### TASK OBJECTIVE
When counting, include every line of the data that holds "stroke", then state the total alone.
[[ EXERCISE INPUTS open ]]
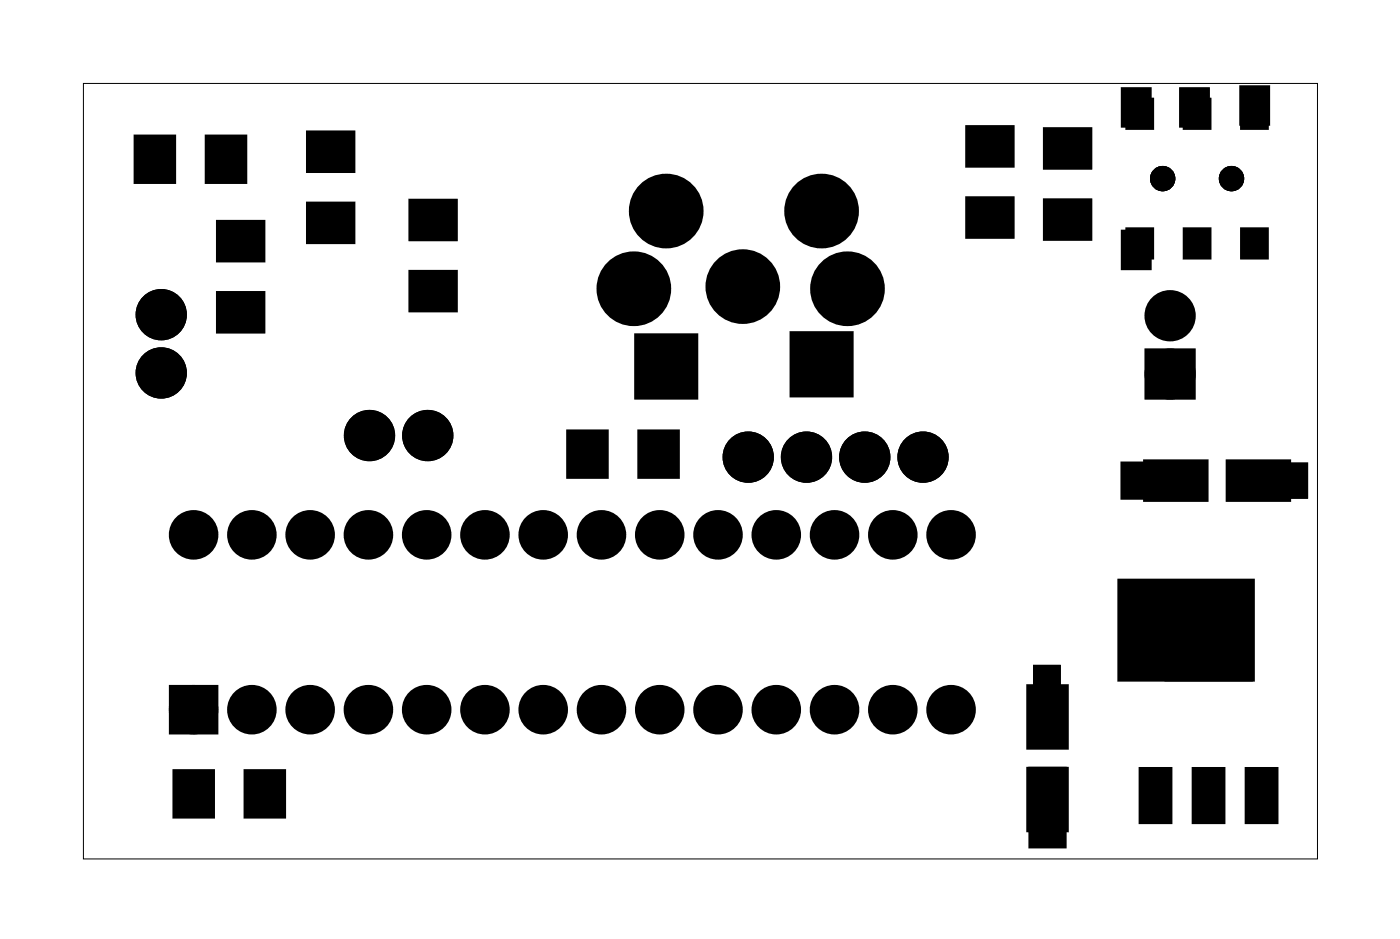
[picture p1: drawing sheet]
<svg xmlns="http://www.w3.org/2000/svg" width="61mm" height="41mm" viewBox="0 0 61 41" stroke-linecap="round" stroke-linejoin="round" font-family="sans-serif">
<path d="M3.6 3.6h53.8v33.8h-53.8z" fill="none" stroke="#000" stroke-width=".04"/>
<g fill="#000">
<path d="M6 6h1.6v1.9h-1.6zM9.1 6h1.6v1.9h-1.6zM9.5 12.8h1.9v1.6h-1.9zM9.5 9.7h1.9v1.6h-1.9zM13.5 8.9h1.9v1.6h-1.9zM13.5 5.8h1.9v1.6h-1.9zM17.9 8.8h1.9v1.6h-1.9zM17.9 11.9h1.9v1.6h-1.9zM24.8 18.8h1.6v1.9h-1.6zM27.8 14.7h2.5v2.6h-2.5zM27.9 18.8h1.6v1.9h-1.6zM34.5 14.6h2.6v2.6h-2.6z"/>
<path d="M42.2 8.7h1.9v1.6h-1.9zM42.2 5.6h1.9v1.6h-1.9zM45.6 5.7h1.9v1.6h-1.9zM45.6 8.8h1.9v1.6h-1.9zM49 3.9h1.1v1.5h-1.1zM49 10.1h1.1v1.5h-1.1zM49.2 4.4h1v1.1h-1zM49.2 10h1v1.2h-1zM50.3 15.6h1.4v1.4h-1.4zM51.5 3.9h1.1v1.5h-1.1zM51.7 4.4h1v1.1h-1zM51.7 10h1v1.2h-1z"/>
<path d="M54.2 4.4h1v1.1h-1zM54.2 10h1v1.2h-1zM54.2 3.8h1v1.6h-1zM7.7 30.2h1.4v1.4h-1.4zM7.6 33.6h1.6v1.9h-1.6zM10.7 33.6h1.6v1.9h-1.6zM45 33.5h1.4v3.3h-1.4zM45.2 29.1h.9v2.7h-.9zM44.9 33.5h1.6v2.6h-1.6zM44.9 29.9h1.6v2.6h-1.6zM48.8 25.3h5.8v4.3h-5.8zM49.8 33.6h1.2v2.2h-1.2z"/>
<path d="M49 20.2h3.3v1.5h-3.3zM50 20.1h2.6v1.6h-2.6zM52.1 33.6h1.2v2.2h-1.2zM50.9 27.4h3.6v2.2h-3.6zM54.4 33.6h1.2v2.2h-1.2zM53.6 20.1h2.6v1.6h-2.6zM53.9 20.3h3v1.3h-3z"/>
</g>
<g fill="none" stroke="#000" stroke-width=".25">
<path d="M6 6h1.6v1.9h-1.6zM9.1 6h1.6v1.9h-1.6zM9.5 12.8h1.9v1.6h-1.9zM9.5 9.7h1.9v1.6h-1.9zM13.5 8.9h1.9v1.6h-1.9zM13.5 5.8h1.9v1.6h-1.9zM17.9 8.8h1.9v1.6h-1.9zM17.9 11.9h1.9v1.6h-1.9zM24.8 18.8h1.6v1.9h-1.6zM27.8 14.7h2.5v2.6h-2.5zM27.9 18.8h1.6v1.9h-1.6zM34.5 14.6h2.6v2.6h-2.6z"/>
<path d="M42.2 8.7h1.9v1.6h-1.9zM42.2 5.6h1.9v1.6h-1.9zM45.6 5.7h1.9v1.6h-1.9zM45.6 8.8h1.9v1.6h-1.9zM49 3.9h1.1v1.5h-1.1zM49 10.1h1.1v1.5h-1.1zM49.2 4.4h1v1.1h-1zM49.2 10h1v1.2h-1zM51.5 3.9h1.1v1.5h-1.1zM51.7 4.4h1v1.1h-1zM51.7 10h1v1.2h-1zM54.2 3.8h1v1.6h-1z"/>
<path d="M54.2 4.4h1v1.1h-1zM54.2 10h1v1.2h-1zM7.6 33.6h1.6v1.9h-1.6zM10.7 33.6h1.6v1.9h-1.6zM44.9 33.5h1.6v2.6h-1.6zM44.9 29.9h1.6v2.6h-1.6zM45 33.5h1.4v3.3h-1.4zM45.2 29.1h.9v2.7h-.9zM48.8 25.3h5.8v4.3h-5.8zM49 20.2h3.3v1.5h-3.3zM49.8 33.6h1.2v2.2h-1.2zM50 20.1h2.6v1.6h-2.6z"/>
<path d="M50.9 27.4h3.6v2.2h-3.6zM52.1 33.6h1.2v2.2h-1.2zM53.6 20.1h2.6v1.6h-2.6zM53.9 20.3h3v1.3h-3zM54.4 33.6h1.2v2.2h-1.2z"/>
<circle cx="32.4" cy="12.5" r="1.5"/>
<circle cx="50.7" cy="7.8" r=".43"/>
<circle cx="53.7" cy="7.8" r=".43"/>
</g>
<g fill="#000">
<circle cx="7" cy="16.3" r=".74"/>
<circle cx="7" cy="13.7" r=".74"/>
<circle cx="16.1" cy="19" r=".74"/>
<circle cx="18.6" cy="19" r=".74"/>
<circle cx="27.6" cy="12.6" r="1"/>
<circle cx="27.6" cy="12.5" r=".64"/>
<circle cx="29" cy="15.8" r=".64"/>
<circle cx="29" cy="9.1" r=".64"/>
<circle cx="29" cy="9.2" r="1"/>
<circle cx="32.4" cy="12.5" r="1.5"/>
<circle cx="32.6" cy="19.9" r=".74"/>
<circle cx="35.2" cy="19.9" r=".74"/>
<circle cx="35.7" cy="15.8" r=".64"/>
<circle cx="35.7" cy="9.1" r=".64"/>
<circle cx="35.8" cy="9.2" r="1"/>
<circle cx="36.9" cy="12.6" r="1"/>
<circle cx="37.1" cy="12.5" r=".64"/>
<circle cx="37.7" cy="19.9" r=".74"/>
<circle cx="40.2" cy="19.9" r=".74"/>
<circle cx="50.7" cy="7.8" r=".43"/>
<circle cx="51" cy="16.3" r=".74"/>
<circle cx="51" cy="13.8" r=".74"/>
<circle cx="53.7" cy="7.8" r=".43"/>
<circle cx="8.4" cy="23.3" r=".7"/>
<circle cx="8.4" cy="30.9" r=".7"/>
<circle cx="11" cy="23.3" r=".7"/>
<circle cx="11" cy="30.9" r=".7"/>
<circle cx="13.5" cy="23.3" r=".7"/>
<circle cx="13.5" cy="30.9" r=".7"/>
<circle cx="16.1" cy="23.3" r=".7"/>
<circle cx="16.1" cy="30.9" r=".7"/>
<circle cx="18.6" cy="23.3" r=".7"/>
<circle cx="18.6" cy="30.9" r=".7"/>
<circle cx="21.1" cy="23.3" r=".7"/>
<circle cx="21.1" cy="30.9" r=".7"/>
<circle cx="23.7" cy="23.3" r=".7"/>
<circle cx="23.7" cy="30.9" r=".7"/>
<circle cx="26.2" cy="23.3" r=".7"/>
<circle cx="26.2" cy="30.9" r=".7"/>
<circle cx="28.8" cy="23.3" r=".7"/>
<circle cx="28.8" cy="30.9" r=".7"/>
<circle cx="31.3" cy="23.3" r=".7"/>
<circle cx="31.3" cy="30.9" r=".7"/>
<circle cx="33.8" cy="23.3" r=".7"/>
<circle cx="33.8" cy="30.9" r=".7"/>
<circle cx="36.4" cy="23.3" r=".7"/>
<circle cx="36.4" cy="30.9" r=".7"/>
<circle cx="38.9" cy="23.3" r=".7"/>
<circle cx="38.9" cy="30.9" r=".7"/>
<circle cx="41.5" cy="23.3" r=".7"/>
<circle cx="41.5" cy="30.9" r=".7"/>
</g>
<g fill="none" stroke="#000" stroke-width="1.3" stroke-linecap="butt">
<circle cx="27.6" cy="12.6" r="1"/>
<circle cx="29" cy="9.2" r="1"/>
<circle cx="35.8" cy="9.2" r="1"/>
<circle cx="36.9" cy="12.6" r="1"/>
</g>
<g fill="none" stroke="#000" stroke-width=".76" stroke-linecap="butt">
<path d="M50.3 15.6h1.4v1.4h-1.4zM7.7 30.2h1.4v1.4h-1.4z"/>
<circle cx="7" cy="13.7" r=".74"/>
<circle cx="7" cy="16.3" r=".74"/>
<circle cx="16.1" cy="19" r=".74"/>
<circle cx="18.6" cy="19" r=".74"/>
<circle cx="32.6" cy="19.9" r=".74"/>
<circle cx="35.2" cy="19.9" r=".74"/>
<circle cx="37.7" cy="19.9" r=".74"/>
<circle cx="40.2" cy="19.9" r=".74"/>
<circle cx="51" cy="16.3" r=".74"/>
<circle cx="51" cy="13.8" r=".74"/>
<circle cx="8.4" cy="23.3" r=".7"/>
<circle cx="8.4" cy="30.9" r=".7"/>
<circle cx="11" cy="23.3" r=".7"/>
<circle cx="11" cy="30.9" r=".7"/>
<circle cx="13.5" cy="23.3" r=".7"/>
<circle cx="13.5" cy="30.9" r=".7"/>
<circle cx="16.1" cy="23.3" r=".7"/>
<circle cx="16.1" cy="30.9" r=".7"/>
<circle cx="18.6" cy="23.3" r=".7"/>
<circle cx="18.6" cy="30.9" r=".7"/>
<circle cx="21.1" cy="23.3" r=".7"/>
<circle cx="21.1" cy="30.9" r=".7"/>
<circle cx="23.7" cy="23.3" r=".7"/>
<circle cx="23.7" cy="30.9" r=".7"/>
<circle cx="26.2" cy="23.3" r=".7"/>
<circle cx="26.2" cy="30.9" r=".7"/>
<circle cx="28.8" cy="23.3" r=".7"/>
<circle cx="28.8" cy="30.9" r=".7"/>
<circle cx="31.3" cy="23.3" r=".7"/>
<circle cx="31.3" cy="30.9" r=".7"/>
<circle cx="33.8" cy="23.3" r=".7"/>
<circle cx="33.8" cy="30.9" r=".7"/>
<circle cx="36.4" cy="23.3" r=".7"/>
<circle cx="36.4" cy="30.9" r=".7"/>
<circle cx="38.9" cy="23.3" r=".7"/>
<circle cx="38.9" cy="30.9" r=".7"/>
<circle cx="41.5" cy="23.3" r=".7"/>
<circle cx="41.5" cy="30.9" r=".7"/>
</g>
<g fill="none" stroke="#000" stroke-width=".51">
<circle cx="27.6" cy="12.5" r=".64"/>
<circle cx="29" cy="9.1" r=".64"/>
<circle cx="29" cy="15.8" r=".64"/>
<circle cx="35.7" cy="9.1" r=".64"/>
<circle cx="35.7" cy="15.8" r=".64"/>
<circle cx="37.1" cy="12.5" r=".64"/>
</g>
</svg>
[[ EXERCISE INPUTS closed ]]
### SOLUTION FOR THIS TASK
6